Acabamos yendo juntos buscar un lugar para hospedarnos en Puno, Peru. Ya era casi media-noche y no me vendría mal una compañía masculina aquellas horas. Cuando estábamos registrándonos en el hostal, vi la fecha y era mi cumple! Había perdido la noción do tempo, después de viajar 3 días en bus (eso fue en seguida del bus de la muerte). Exclamé: oh! Es mi cumple!

El me dio un abrazo y dijo:

– Feliz cumpleaños. ¿A propósito, cuál es tu nombre?
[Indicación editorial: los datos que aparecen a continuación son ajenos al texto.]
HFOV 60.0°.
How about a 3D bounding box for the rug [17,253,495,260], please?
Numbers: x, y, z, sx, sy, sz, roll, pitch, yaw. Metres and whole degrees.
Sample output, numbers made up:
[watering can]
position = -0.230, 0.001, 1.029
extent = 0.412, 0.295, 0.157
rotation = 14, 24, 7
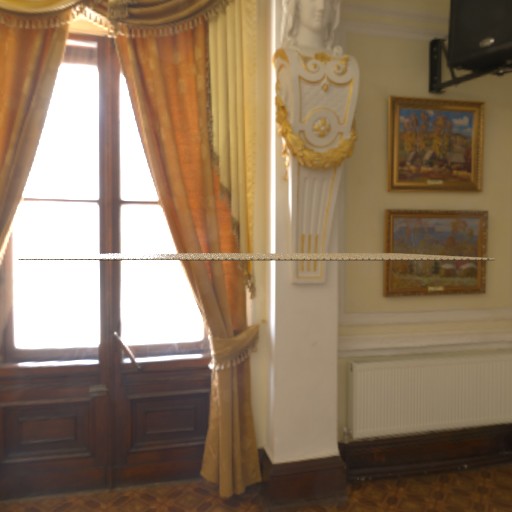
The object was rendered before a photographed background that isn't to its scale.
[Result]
[rug]
position = 0.000, 0.000, 2.169
extent = 1.752, 0.008, 1.144
rotation = 0, 1, -1
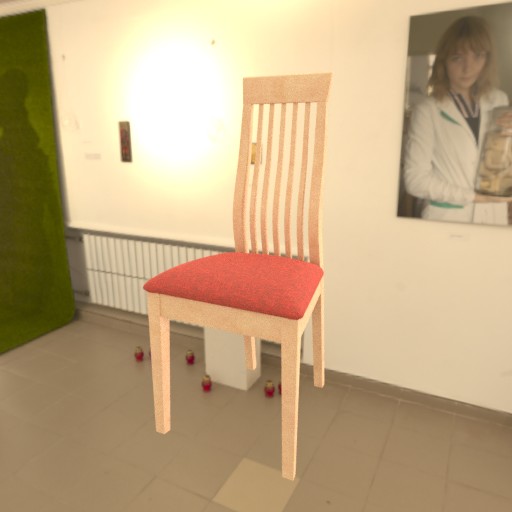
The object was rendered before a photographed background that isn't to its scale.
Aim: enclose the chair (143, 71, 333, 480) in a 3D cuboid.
[{"bbox_3d":[0.000,0.000,1.287,0.460,1.027,0.474,7,17,26],"label":"chair"}]
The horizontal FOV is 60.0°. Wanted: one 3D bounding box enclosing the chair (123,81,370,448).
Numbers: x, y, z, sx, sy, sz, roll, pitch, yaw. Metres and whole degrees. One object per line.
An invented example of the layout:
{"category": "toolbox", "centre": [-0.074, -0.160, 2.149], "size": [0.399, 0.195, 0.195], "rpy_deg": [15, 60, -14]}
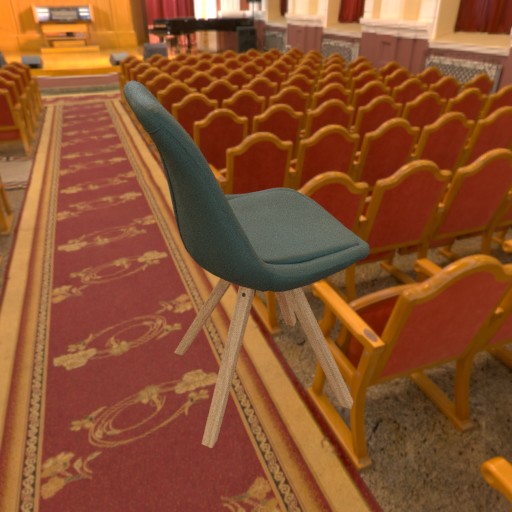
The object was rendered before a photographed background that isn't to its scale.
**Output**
{"category": "chair", "centre": [0.000, 0.000, 1.176], "size": [0.547, 0.865, 0.483], "rpy_deg": [-10, 31, -17]}

Mi único saludo de cumple personalmente el 2005 fue de un extraño total!

Nos presentamos. Su nombre es Geert (nunca conseguí pronunciarlo correctamente, porque en holandés la “g” parece una “r” gutural rarísima). Hicimos un tour por las islas del lago Titicaca. Pasamos por una fiera en la calle y quería comprar guantes. Él gentilmente me las regaló por mi cumple (el único regalo de aquel año).

El próximo destino de los dos era Cuzco, ciudad base para Machu Picchu. Él tenía reserva para la Trilla Inca, de 4 días y yo me quedé en Cuzco algunos días más, llegando a Machu Picchu después de 4 días también, por coincidencia. Allí nos encontramos en medio a las ruinas y escalamos juntos el Wayna Picchu, la montaña (la “nariz” del inca acostado que es la visión de las montañas  detrás de Machu Picchu).

Cuando estaba en Barcelona, él fue a visitarme y hasta hoy nos comunicamos por correo (incluso tenemos un proyecto virtual)…

¿No es la vida interesante? Dios me envió un ángel para que el día de mi cumple no pasara desapercibido y nos volvimos buenos amigos…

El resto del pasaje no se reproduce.